Only the text belongs in the copy: retype each record exactly as it appears.

Stored items:
***

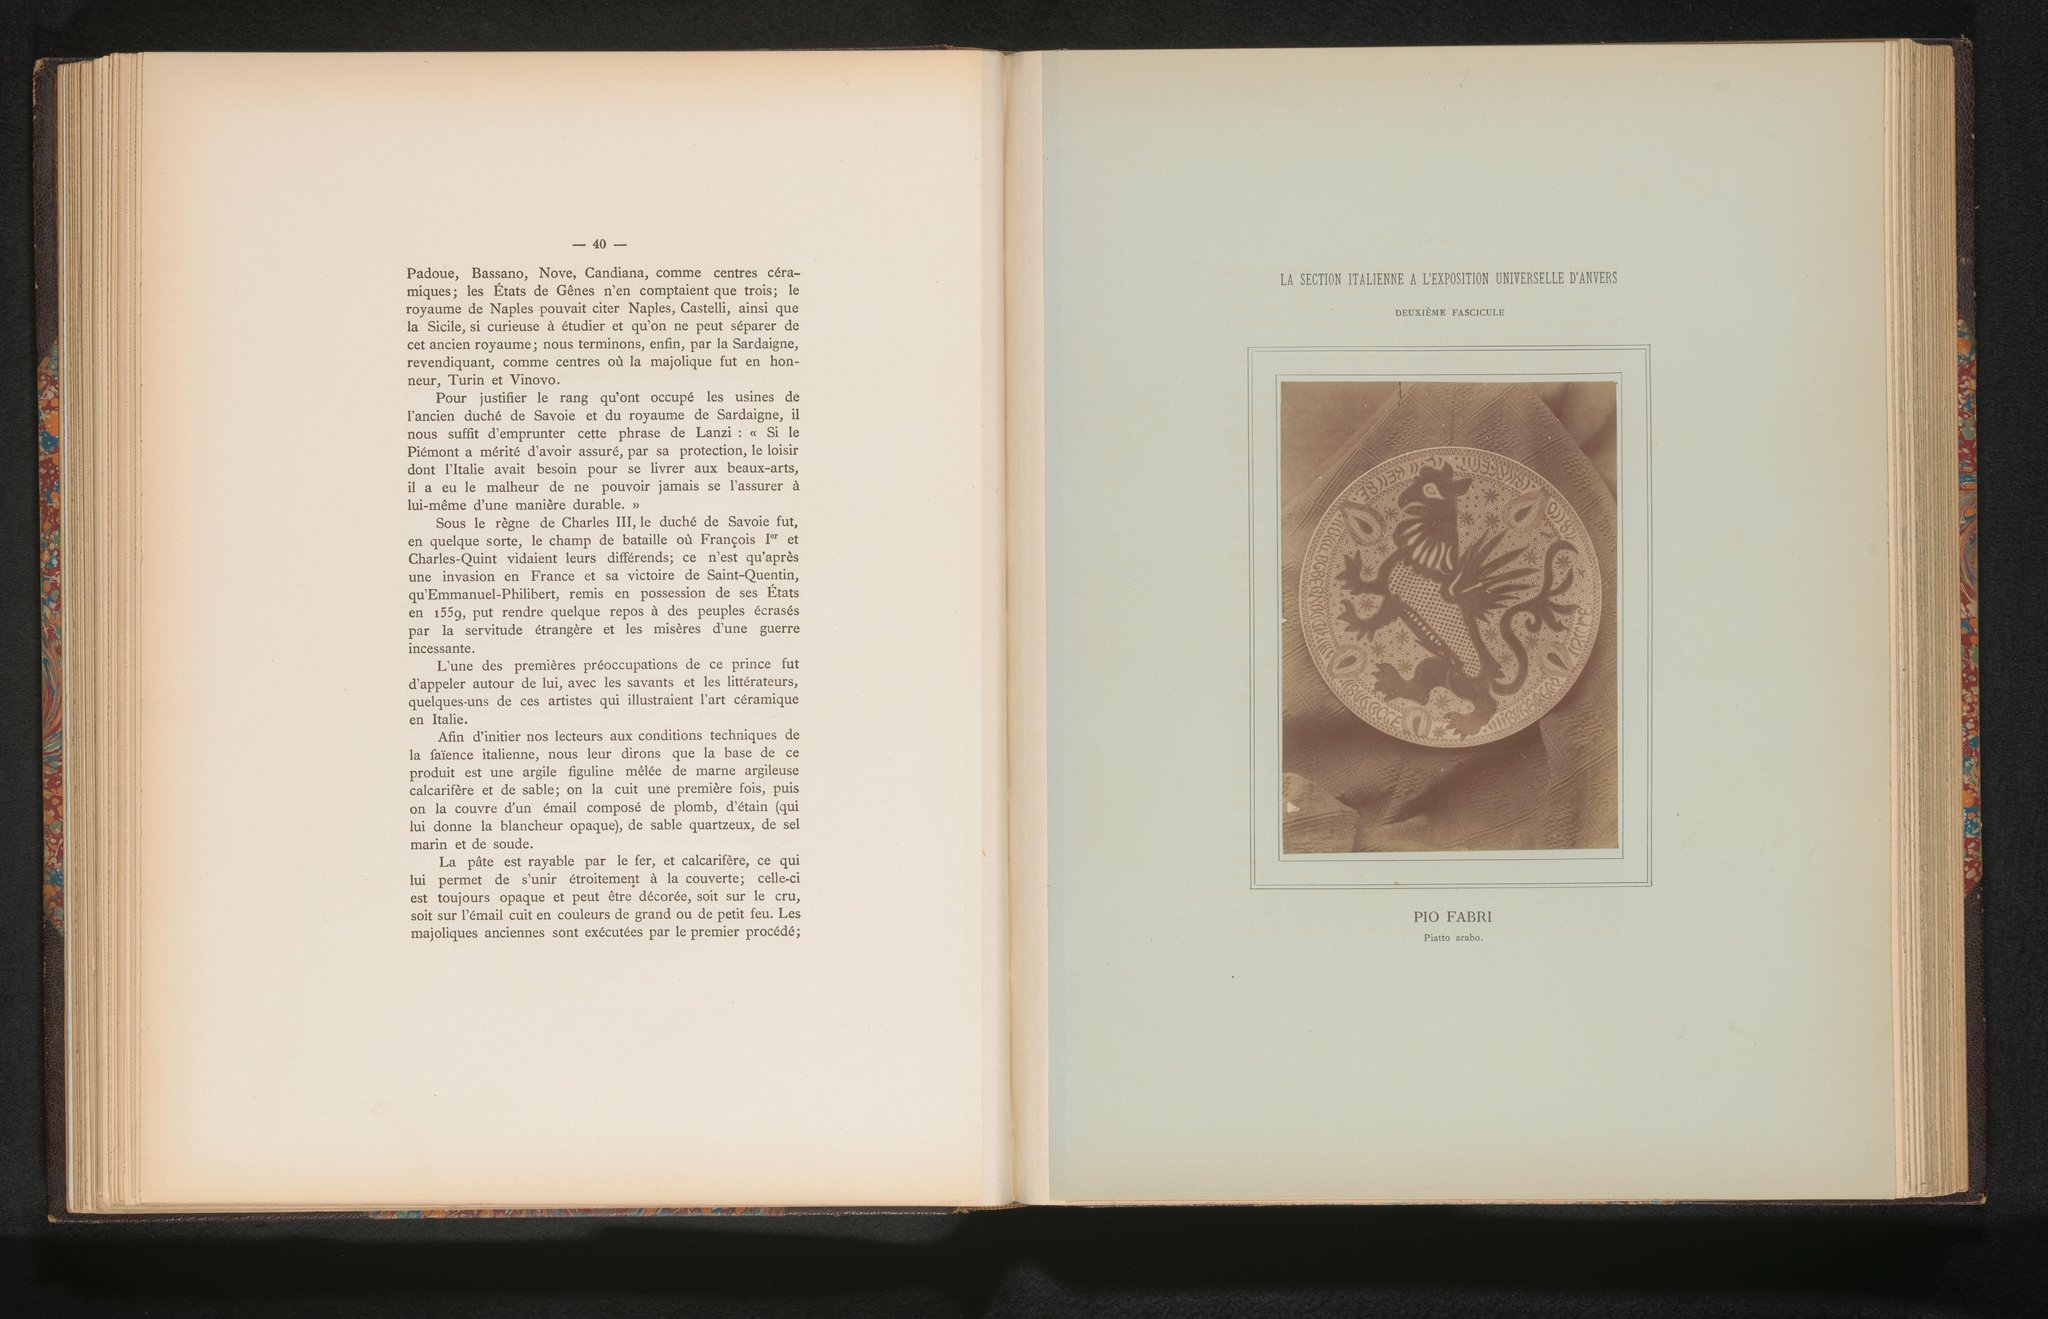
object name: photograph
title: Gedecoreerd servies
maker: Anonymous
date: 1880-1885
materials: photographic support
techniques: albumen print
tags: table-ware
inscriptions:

***

Exercise response:
object name: photograph
title: Gedecoreerd servies
maker: Anonymous
date: 1880-1885
materials: photographic support
techniques: albumen print
tags: table-ware
inscriptions:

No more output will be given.